- **Entries shown**:
***
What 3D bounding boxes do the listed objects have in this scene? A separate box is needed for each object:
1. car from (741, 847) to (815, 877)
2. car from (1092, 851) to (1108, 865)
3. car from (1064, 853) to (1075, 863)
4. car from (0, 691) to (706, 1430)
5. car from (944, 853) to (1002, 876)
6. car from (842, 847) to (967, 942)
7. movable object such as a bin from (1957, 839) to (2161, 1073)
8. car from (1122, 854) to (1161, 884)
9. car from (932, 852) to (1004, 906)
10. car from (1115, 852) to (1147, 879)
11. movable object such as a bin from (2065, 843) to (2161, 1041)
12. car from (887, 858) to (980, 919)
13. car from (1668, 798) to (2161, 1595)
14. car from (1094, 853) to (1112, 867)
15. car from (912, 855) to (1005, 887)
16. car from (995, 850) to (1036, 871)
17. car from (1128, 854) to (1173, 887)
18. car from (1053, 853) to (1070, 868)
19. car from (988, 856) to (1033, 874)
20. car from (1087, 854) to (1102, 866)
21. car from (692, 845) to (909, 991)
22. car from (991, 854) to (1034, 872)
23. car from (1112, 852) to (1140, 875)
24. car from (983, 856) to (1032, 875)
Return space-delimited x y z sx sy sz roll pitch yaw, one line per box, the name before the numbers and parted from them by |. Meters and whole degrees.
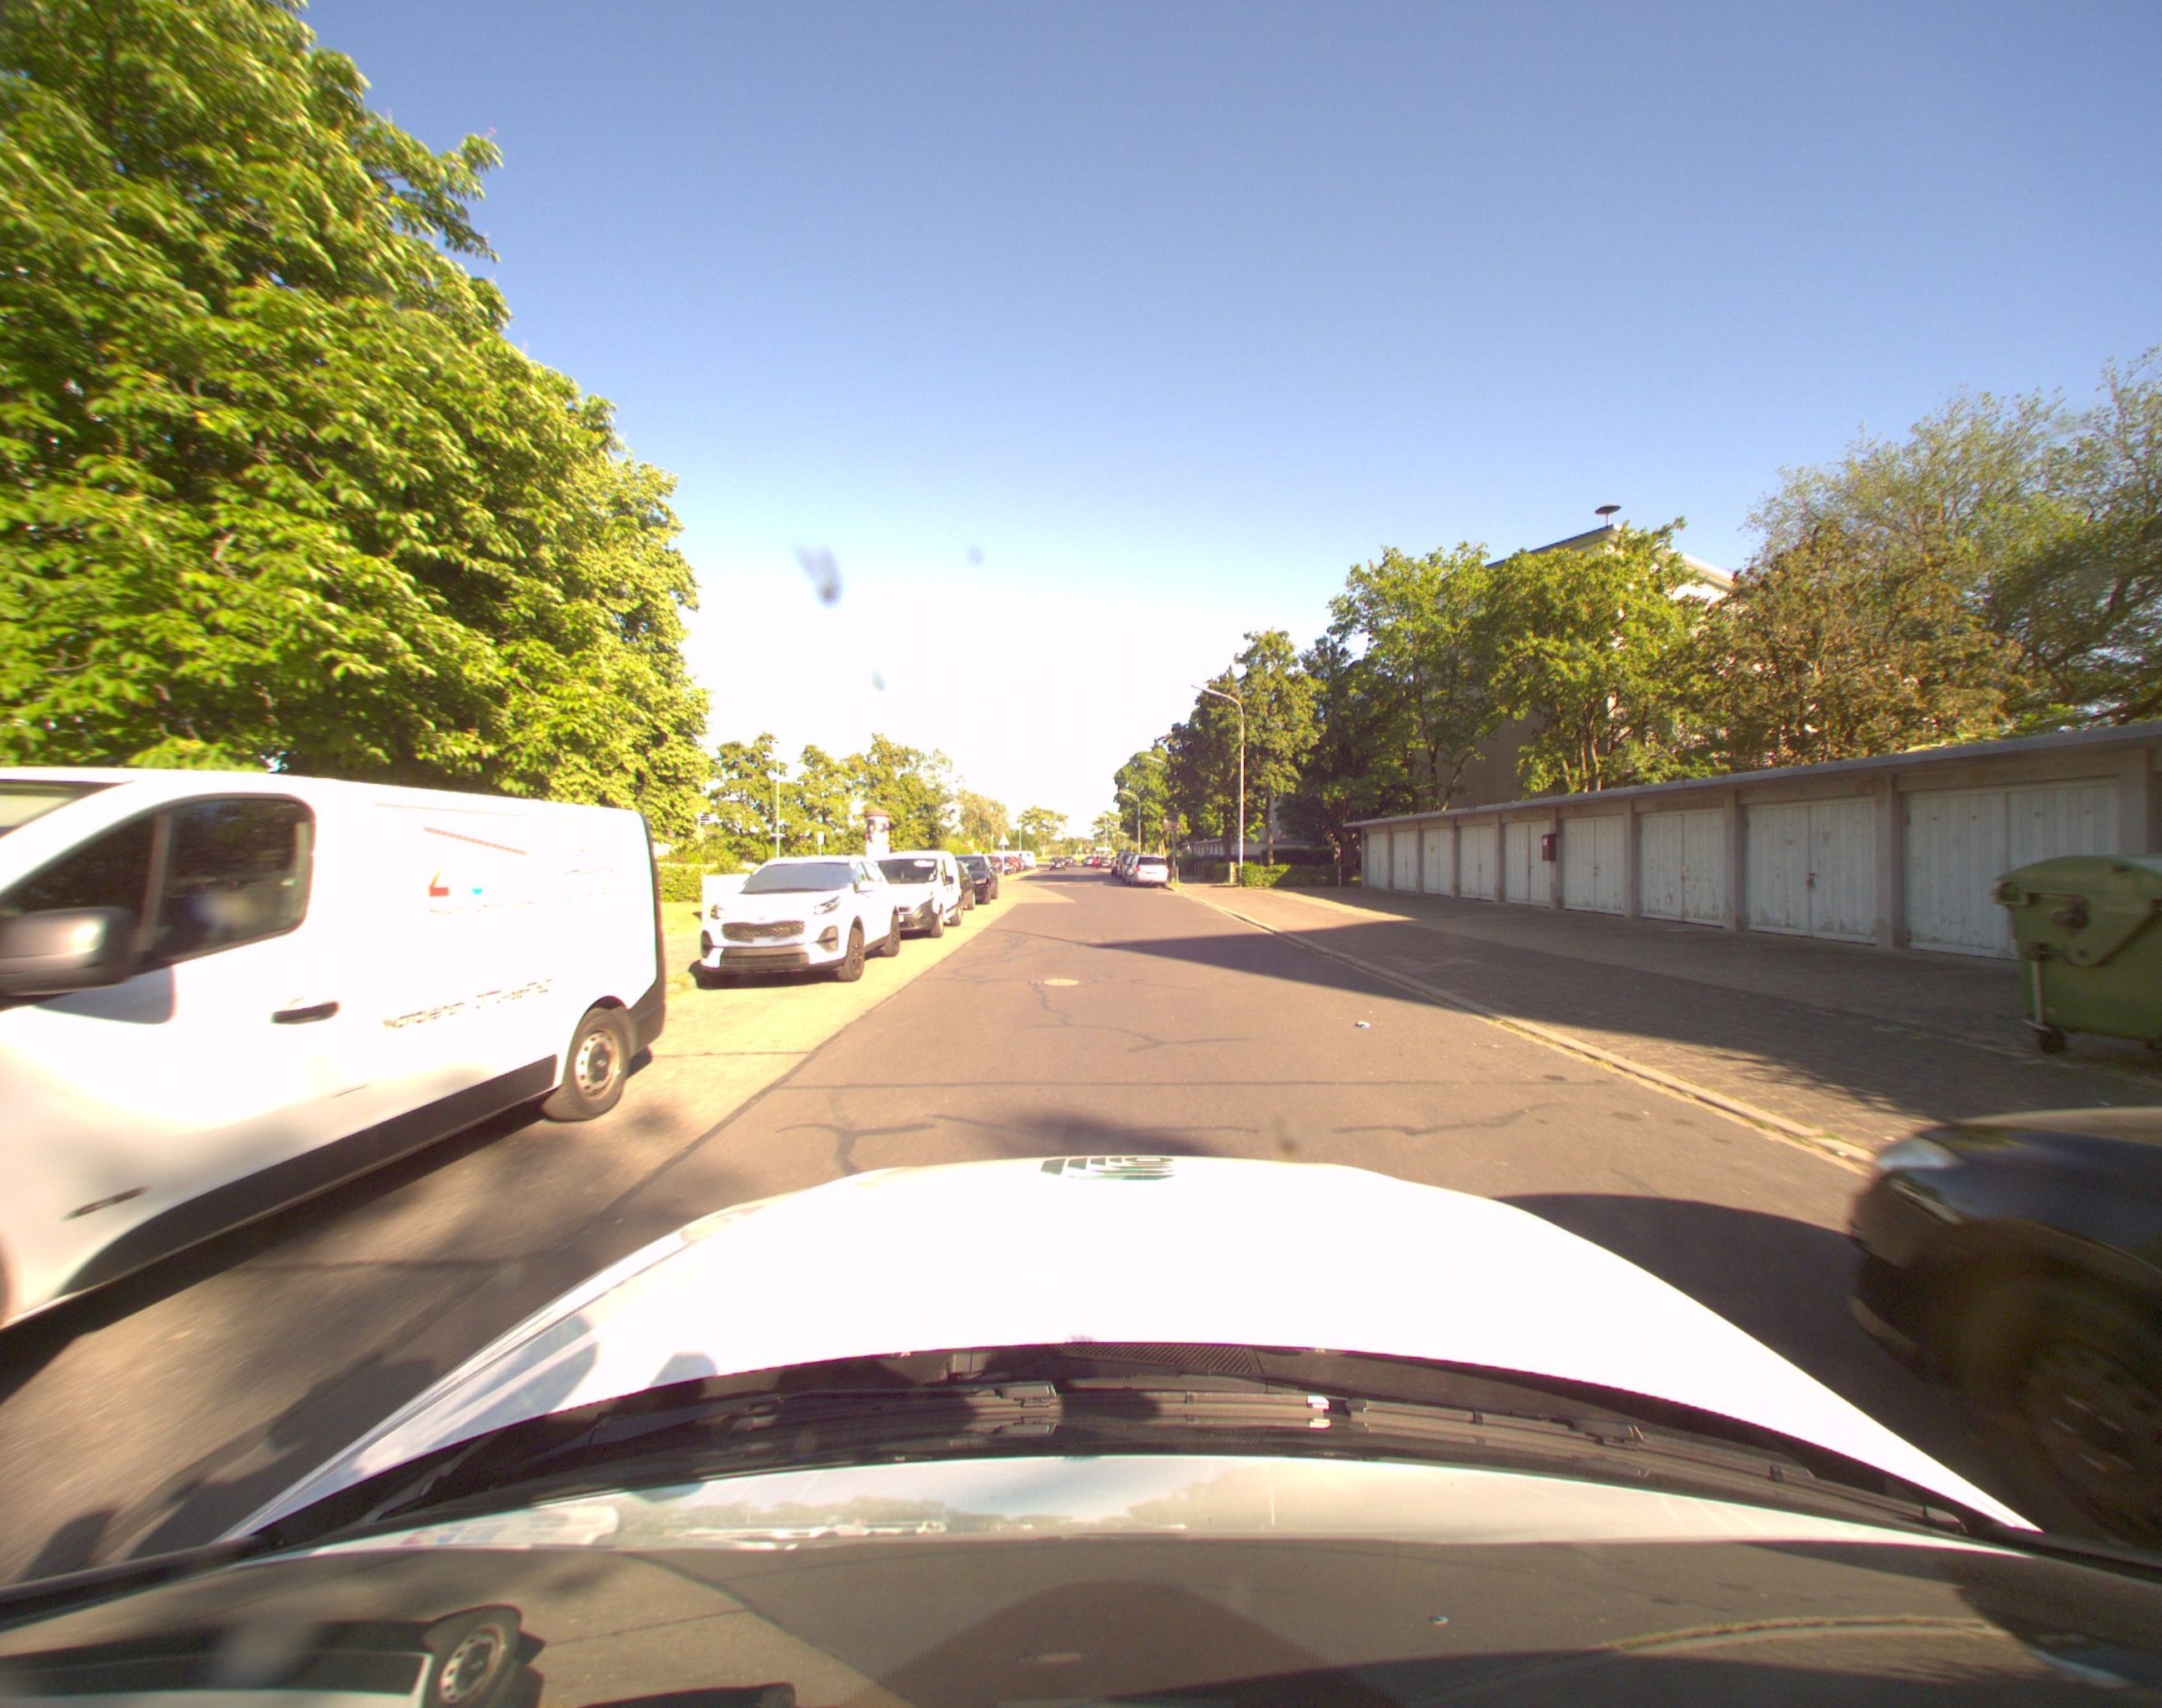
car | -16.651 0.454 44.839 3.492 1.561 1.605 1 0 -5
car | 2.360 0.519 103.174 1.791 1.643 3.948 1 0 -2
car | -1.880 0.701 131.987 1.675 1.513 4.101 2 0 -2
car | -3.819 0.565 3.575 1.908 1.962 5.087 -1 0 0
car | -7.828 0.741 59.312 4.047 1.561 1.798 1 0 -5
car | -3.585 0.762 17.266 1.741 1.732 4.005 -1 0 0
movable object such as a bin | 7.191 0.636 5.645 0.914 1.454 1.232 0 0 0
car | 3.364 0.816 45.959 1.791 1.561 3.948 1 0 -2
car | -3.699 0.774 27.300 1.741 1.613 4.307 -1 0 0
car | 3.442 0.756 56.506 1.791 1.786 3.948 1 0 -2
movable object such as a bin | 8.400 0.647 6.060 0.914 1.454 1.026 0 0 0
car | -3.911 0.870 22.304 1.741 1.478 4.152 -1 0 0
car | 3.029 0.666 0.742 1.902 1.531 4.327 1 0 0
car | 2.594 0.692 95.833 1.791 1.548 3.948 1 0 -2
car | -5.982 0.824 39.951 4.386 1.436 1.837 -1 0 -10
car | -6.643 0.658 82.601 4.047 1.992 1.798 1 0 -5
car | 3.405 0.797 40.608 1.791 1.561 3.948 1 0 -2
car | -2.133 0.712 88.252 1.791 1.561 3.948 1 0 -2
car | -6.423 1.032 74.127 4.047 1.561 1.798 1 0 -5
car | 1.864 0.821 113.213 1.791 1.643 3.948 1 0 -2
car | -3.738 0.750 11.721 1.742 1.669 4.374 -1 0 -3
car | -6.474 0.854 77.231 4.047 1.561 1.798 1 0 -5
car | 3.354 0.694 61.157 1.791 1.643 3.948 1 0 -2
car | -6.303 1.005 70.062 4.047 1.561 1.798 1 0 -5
***
- **Prompt**:
Return exactly the leading lines of the listing, stopping after the line in which "22. car from (991, 854) to (1034, 872)" occurs.

- **Written answer**:
What 3D bounding boxes do the listed objects have in this scene? A separate box is needed for each object:
1. car from (741, 847) to (815, 877)
2. car from (1092, 851) to (1108, 865)
3. car from (1064, 853) to (1075, 863)
4. car from (0, 691) to (706, 1430)
5. car from (944, 853) to (1002, 876)
6. car from (842, 847) to (967, 942)
7. movable object such as a bin from (1957, 839) to (2161, 1073)
8. car from (1122, 854) to (1161, 884)
9. car from (932, 852) to (1004, 906)
10. car from (1115, 852) to (1147, 879)
11. movable object such as a bin from (2065, 843) to (2161, 1041)
12. car from (887, 858) to (980, 919)
13. car from (1668, 798) to (2161, 1595)
14. car from (1094, 853) to (1112, 867)
15. car from (912, 855) to (1005, 887)
16. car from (995, 850) to (1036, 871)
17. car from (1128, 854) to (1173, 887)
18. car from (1053, 853) to (1070, 868)
19. car from (988, 856) to (1033, 874)
20. car from (1087, 854) to (1102, 866)
21. car from (692, 845) to (909, 991)
22. car from (991, 854) to (1034, 872)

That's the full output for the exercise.